Gürsel Korat’ın Rüya Körü adlı romanı Everest Yayınları tarafından yayımlandı.
Tanıtım bülteninden:
Geçmişin sessiz çığlıkları ve geleceğin sır perdeleri arasında geçen bir hikâye…
Anadolu’nun kültürel dokusunu ve insanın zamanla ilişkisini edebiyatın gücüyle birleştiren Gürsel Korat, Rüya Körü ile sizi Bizans’ın 1143 yılındaki ihtişamlı dünyasına, rüyaların ve kaderlerin kesiştiği derin bir yolculuğa çıkarıyor.
Aşk, güç oyunları ve akıl dolu mizansenlerle örülü bu roman, yalnızca olay örgüsüyle değil, Anadolu’nun taşını toprağını hissettiren anlatımıyla da büyülüyor.
Gürsel Korat’tan Rüya Körü Everest’te ilk baskısıyla raflarda
“Çünkü geçmiş zaman unutuştur, gelecek zaman ise doğmamış unutuş.”
Gürsel Korat, zaman çarkını bu kez Bizans’ta, 1143 yılında döndürmeye başlıyor. İmparatorun yazıcılarından Stefanos, yıllardır uykusunda gördüklerinin rüya değil, gelecekten görüntüler olduğunu anlar. Andronikos ise geçmişi görmektedir. Yetenekleri gibi karakterleri de zıt olan bu iki kişi, kesişen kaderleriyle birbirlerinin rüyalarına muhtaçtırlar.
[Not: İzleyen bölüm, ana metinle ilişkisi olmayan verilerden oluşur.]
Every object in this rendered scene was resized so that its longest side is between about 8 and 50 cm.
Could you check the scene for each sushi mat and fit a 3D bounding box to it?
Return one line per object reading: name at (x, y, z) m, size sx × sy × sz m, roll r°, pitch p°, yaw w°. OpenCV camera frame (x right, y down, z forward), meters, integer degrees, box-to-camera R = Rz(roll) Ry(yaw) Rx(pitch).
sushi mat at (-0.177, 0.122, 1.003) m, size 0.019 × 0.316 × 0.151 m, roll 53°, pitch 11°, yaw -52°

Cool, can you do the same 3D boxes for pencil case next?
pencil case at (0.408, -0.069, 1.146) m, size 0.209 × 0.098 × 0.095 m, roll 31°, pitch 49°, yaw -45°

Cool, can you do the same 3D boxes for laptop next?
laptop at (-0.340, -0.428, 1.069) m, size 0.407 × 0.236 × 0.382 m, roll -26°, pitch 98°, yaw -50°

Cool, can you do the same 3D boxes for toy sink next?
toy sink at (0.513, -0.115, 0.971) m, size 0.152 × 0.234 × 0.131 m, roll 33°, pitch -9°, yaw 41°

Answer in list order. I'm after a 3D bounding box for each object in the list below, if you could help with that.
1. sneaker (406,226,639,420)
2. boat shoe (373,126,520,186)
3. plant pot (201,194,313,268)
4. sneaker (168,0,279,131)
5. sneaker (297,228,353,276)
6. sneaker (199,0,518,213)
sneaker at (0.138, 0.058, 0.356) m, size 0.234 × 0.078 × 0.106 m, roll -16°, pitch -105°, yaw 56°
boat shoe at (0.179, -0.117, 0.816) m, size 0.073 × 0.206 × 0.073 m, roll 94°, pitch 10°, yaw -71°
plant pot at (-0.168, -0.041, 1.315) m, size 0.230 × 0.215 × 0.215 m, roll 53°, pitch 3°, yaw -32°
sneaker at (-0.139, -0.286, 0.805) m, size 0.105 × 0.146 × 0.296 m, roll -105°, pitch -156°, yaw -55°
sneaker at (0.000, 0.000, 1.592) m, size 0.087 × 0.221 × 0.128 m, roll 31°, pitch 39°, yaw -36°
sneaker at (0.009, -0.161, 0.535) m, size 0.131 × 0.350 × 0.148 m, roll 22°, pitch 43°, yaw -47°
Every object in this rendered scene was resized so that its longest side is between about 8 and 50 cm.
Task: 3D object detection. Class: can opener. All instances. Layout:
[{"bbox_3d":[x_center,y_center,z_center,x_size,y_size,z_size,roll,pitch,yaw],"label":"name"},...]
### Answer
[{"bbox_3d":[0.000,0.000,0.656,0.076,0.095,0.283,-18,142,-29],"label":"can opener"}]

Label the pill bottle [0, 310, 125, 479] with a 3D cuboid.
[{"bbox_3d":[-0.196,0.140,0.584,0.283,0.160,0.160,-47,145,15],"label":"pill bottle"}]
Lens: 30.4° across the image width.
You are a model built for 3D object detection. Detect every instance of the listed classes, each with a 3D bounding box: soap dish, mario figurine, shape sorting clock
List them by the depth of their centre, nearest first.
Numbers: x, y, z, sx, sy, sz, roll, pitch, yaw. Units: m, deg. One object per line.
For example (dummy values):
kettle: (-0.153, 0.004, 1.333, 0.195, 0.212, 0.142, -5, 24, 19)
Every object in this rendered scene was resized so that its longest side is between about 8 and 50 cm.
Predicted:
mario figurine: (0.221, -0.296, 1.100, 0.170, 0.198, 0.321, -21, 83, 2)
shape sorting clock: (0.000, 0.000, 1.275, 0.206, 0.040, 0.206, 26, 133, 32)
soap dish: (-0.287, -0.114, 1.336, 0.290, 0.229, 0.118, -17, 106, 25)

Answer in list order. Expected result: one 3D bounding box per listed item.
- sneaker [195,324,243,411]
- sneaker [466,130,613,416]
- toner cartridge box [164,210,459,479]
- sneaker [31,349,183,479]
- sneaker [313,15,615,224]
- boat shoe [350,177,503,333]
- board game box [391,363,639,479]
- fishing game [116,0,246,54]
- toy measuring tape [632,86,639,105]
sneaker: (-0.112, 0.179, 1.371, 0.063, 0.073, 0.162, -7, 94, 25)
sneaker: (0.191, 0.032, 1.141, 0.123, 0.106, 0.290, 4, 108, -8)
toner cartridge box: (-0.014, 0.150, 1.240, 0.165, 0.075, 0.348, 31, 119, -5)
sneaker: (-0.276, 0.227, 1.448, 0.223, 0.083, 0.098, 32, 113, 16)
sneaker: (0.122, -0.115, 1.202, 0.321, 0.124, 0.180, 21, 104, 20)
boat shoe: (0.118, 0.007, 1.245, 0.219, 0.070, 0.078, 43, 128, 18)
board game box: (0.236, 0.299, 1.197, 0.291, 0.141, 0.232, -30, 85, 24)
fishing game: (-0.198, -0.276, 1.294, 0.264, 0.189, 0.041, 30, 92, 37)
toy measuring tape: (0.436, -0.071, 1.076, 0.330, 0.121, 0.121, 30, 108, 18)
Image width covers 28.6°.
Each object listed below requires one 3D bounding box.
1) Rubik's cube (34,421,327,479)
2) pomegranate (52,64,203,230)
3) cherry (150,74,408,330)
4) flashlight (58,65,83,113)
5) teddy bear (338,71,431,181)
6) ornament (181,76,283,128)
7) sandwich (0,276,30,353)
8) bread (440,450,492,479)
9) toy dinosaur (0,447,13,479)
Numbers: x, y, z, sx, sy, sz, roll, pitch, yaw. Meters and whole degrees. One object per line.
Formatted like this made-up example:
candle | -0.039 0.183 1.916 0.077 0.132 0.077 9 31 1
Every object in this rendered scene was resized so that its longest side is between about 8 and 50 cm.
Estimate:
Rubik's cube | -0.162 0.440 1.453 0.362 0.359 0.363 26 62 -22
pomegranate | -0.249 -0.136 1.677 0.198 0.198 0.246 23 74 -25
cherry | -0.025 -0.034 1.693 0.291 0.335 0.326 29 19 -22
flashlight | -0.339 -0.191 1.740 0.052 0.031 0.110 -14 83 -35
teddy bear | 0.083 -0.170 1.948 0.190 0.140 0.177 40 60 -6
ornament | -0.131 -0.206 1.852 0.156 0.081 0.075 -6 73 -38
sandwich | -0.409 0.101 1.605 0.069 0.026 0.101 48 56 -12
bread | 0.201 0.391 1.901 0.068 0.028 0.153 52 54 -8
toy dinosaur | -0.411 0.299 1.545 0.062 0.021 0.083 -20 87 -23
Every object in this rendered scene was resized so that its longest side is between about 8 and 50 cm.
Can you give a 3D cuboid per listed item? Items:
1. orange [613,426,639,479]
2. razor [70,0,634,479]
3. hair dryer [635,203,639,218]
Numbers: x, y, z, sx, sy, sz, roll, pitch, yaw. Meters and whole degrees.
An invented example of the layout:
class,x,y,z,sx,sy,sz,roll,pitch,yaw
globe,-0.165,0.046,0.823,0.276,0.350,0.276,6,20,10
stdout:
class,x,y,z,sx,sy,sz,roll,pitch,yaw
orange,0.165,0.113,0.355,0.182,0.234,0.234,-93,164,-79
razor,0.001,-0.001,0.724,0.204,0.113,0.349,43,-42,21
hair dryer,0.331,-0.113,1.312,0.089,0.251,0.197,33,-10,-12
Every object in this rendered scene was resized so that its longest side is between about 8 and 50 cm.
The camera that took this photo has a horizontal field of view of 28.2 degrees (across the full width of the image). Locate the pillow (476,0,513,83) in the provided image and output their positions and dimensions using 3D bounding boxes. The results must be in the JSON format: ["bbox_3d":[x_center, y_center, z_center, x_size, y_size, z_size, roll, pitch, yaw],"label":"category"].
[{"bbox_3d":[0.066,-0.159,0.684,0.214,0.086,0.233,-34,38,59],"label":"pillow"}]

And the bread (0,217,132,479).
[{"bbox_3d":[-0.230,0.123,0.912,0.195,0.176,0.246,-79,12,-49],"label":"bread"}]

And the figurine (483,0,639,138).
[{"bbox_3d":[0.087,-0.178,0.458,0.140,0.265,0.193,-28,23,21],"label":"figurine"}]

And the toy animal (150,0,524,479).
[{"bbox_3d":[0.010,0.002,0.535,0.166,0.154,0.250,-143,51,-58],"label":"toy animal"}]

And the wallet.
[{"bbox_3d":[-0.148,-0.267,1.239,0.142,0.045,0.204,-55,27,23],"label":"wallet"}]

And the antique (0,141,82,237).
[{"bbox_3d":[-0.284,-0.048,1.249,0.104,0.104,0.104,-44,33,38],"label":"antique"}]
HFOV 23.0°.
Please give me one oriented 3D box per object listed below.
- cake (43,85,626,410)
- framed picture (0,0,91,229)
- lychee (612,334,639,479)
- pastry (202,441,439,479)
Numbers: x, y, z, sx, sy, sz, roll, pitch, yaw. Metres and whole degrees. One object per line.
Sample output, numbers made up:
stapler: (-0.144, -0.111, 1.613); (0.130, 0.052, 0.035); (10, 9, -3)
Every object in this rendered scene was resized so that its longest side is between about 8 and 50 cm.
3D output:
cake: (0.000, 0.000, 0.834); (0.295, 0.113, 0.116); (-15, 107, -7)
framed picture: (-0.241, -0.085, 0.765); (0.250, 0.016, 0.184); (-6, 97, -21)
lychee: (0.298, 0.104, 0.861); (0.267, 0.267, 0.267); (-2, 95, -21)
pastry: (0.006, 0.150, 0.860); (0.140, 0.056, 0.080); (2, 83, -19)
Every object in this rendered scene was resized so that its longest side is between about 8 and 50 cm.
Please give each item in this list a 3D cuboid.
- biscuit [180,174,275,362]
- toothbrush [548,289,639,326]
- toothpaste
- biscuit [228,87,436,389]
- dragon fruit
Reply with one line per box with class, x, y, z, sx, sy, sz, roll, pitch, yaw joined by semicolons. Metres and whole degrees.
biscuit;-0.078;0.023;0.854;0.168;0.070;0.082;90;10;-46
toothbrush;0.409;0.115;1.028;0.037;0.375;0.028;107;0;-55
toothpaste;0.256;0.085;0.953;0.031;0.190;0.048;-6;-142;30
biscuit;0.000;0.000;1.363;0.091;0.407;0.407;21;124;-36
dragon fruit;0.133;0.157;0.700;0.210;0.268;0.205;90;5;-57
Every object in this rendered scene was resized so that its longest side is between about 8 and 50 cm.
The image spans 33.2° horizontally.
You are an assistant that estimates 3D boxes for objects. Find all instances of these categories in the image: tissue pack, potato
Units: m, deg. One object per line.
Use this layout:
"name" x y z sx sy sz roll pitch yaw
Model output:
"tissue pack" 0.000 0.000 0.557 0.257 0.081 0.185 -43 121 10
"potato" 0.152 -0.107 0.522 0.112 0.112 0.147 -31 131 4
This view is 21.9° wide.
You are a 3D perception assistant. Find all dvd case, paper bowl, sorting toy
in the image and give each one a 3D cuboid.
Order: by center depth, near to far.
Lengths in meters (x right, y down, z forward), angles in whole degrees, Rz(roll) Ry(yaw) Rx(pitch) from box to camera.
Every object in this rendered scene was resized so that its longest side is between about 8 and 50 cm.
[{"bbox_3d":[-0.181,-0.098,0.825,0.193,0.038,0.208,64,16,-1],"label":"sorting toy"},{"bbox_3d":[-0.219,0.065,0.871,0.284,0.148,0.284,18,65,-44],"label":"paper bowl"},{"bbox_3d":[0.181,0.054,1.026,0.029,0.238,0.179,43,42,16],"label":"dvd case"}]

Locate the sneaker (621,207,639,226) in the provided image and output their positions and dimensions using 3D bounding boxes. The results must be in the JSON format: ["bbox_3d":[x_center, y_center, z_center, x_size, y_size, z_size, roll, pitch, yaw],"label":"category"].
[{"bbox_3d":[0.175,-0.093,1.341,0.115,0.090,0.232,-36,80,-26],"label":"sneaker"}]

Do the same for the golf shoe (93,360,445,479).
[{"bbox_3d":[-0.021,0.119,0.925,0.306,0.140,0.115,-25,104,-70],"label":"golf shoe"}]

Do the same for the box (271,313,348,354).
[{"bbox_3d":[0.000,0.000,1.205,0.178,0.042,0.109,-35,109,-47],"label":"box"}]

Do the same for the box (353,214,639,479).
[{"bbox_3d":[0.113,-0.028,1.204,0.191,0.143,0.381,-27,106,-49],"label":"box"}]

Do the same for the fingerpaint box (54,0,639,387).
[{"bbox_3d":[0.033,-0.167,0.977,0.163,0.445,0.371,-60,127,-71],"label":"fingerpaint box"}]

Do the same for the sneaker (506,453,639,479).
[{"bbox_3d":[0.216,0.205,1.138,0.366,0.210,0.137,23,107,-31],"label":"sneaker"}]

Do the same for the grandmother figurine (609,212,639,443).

Bu karşılıklı bağımlılık, aşk ve taht kavgalarının ortasında boy veren derin çatışmaların zeminini kurar.
Doğu Roma’da geçen, Rum Selçuklu dünyasına ise uzaktan bakan Rüya Körü’nün dokusunda zaman kavramında çığır açan bir bakış var. Gürsel Korat, insanın “zaman”la ilişkisine yeni bir pencere daha açıyor.İnsan daima unutur. Çünkü süreğen olarak geçmişte veya gelecekte duramaz.
Yapabildiği tek tanrısal eylem, hatırlamaktır. Zamanın dayanılmaz ve üstün gücü, çığlıkları taşıyıp götürür uzaklara; doğmuş her şey karanlıklara dalar. Değerini ve gücünü kutsadığımız, kahraman saydığımız yahut saymadığımız ne varsa kaybolur. Yalnızca apaçık ortada olanlar görünmez ve gizlidir, hatırlayışın ışığına tutulana kadar.